━━━━━ Records supplied
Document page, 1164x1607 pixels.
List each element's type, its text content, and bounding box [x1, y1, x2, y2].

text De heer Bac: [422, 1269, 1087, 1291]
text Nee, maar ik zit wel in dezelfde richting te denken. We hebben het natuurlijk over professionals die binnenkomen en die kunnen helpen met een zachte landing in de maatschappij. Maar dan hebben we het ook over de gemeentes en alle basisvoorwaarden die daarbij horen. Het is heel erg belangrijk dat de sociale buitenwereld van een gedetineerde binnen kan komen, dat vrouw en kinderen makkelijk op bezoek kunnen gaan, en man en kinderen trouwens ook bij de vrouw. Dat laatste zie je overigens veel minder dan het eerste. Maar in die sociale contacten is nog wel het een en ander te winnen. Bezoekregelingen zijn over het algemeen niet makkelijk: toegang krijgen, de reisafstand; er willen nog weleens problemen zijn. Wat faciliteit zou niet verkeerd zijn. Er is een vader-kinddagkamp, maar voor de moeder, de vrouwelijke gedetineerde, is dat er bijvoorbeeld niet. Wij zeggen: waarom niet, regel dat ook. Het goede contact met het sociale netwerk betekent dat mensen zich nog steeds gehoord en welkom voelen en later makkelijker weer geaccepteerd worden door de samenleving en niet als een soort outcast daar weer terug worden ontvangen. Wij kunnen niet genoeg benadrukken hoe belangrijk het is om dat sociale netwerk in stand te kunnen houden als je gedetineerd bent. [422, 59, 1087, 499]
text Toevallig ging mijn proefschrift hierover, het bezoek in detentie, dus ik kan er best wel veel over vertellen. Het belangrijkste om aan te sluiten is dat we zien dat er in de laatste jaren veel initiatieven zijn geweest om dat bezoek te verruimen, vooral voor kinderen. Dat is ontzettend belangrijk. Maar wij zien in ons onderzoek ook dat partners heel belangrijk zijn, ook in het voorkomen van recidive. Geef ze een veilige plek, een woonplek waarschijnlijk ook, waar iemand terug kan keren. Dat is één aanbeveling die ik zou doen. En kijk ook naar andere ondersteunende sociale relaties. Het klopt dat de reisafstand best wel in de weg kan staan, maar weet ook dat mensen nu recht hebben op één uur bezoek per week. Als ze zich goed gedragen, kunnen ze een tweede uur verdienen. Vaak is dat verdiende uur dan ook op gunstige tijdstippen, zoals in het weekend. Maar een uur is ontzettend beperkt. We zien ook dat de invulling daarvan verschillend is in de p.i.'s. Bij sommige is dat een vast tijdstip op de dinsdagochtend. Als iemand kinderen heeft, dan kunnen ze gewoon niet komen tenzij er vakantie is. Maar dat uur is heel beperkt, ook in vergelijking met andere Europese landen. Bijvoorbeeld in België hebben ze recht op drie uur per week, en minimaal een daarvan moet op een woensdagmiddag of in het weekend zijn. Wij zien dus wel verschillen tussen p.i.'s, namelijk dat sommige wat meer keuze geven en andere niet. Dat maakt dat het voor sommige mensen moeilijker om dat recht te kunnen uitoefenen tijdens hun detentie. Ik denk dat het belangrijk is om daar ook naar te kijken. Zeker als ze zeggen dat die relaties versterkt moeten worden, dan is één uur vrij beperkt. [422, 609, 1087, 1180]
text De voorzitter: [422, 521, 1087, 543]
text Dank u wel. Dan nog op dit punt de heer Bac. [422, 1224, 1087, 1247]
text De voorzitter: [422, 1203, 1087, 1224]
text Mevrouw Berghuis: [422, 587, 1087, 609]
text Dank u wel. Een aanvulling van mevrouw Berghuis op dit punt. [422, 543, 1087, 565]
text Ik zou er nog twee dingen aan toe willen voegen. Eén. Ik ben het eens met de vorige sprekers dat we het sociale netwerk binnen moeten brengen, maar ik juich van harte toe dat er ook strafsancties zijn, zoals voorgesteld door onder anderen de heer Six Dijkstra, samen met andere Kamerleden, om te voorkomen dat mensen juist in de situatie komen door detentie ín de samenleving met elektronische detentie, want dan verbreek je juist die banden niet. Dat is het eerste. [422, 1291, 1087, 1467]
━━━━━━━━━━
━━━━━ Records supplied
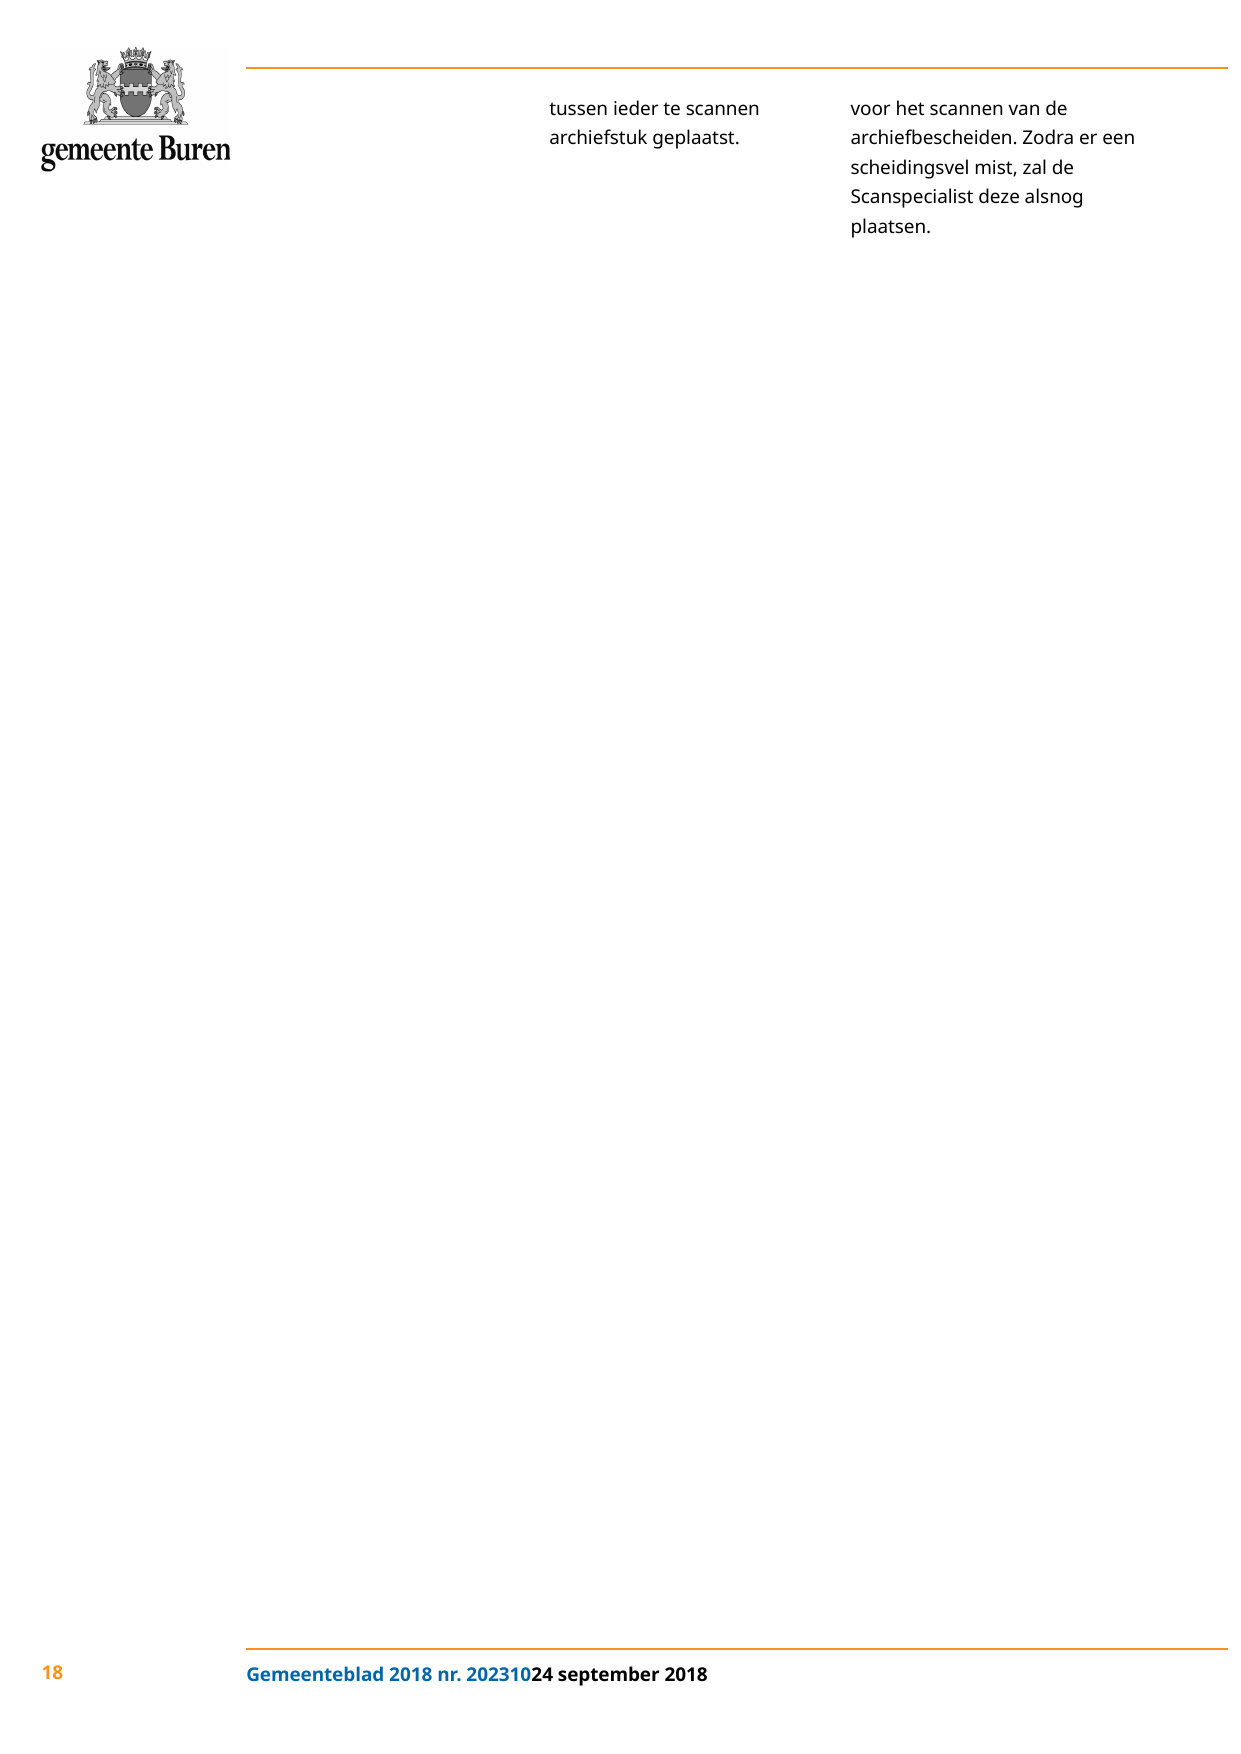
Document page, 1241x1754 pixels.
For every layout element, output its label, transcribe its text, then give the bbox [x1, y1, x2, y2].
━━━━━━━━━━
━━━━━ Records supplied
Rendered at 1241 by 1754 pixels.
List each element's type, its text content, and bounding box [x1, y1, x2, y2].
━━━━━━━━━━
Look through the records and gather each line with the word "Document".

Response
Document page, 1164x1607 pixels.
Document page, 1241x1754 pixels.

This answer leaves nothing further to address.